Noble sorrow is the teacher of sympathy. The sense or the memory of our own pain awakens the desire to relieve the pain of others. Compassion and Pity are the offspring of grief. It also teaches tolerance, charity for the imperfections of others, and a knowledge of the limitations and deficiencies of our common nature, without which knowledge the successful endeavor for any of the higher aims of existence is not possible. The sense of physical suffering has been the guiding principle in the evolution of organic forms from the monad up to man. His future and higher evolution, that of his spirit-powers, will come from his mental suffering and the lessons he will draw from it.
Thus, at the end of our wide wandering in pursuit of Happiness, we look back and see that it is absent from nothing in life, not even from pain and sorrow; nay, that when all else has gone, when youth and health and fortune and love have left us, when we look forward despairingly to nought but loneliness and suffering, our very despair may prove to be divine, “begotten by the finite upon the infinite,” and from its depths we may draw a rapture unknown to common pleasures, and taste the sweet waters of a bliss which is celestial.
Who would wish to escape suffering himself, when suffering makes up so large a part of the experiences of his fellow men? Who would seek by any base flight to avoid Sorrow, when Sorrow alone can teach him the highest meaning of Life?

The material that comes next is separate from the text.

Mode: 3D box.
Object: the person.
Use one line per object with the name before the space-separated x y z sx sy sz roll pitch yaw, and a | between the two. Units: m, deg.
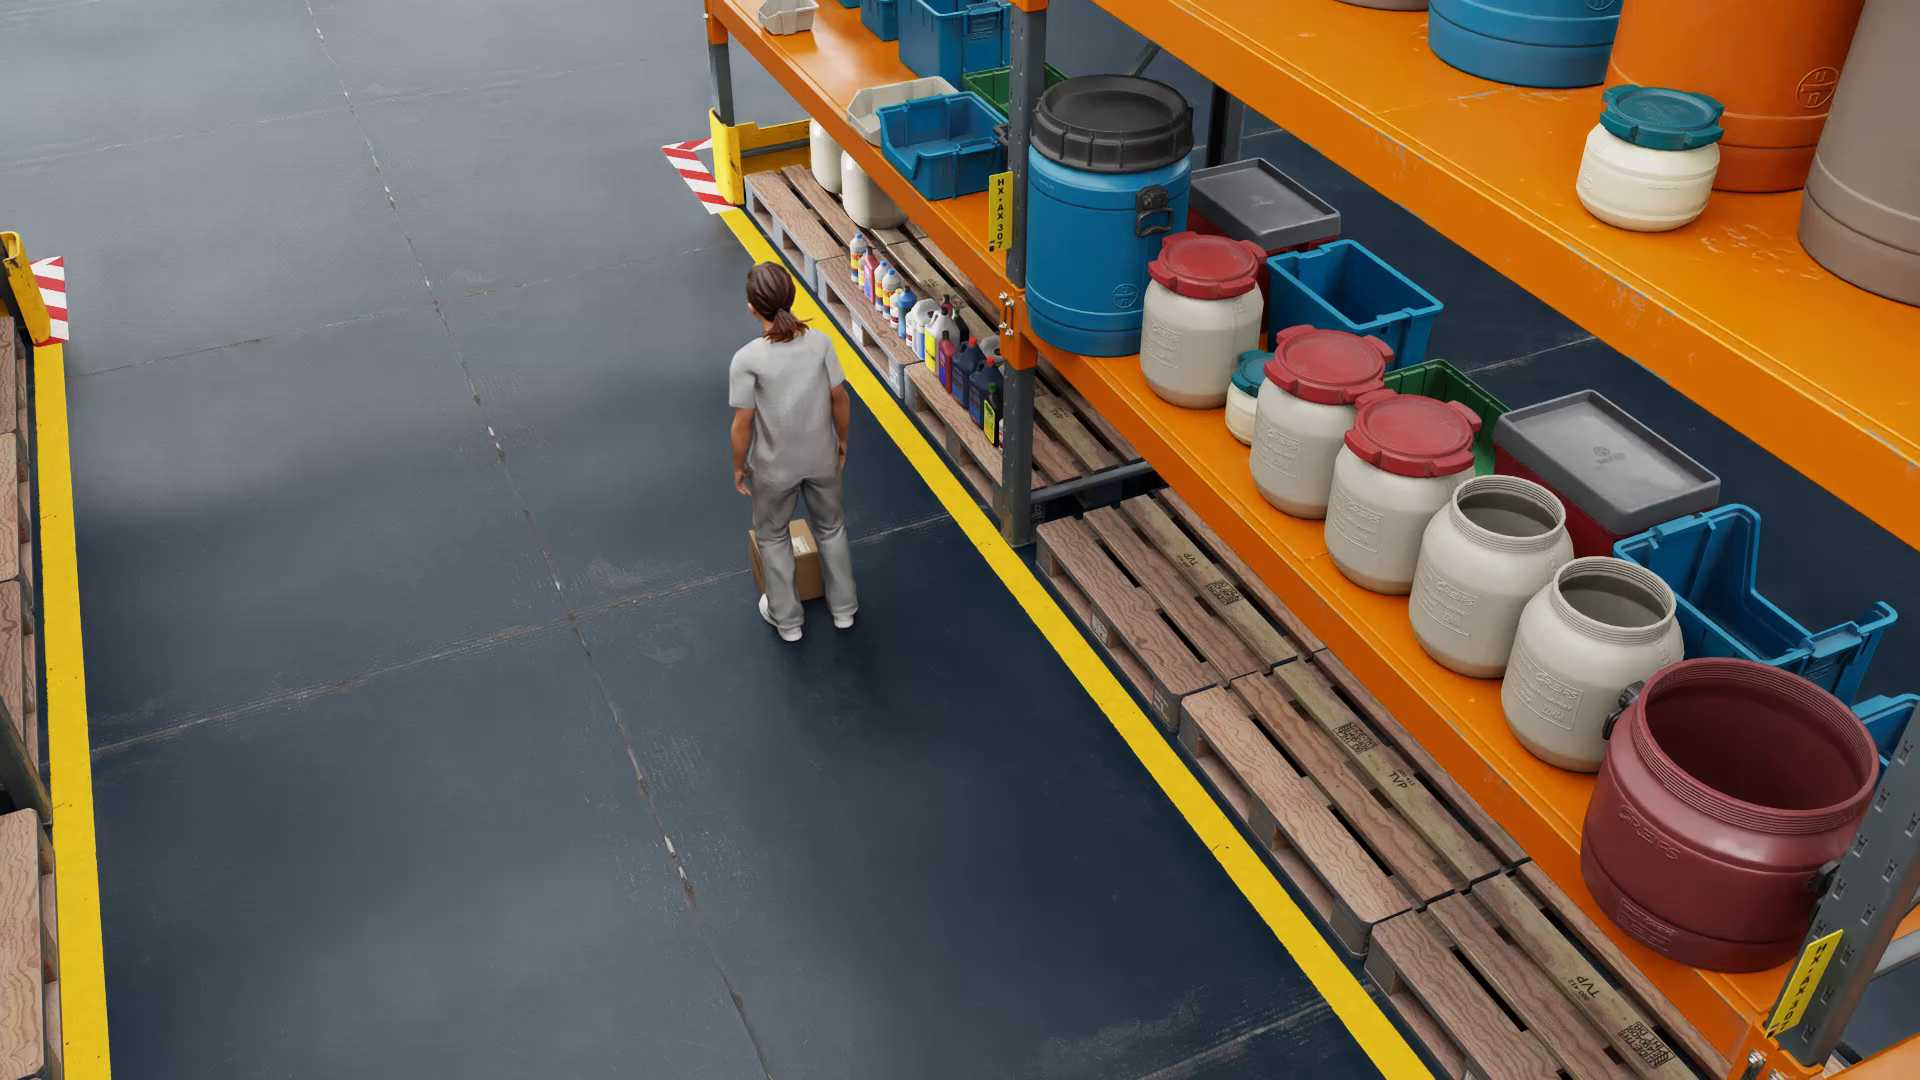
person | -0.658 -0.321 6.577 0.508 1.666 0.366 -15 40 -19

History is ever ready to point out how nations have been benefited by calamities, and churches by persecutions. Why not believe that the same rule holds good in our own lives?
Think what we should miss if all went smoothly with us! Without pain, we should not know pity; without danger, we should not develop courage; without receiving injuries, no chance to show forgiveness; without affliction, no opportunity for fortitude; without ingratitude, no means of proving disinterestedness; without injustice, no occasion for forbearance; without violence, no training in self-control. Really, it seems that to encounter misfortunes must be the finest fortune in life!
The surgeon restores a stiffened joint or an atrophied muscle by painful manipulations. Nothing but painful experiences will restore a sluggish mind to activity and enjoyment.
To forget even for a short time those we have loved and lost seems a lack of fealty to them; but if their influence is ever present with us to our good, our joy is a worthier memorial to them than would be endless repining.
The memory of a great sorrow obliterates the slight asperities of daily life.
The mingling of tears is a transfusion of spirit. A sorrow in common is the strongest of covenants.
The only complete satisfaction of the sense of living is its sacrifice.
The sweetest joys are consoled sorrows.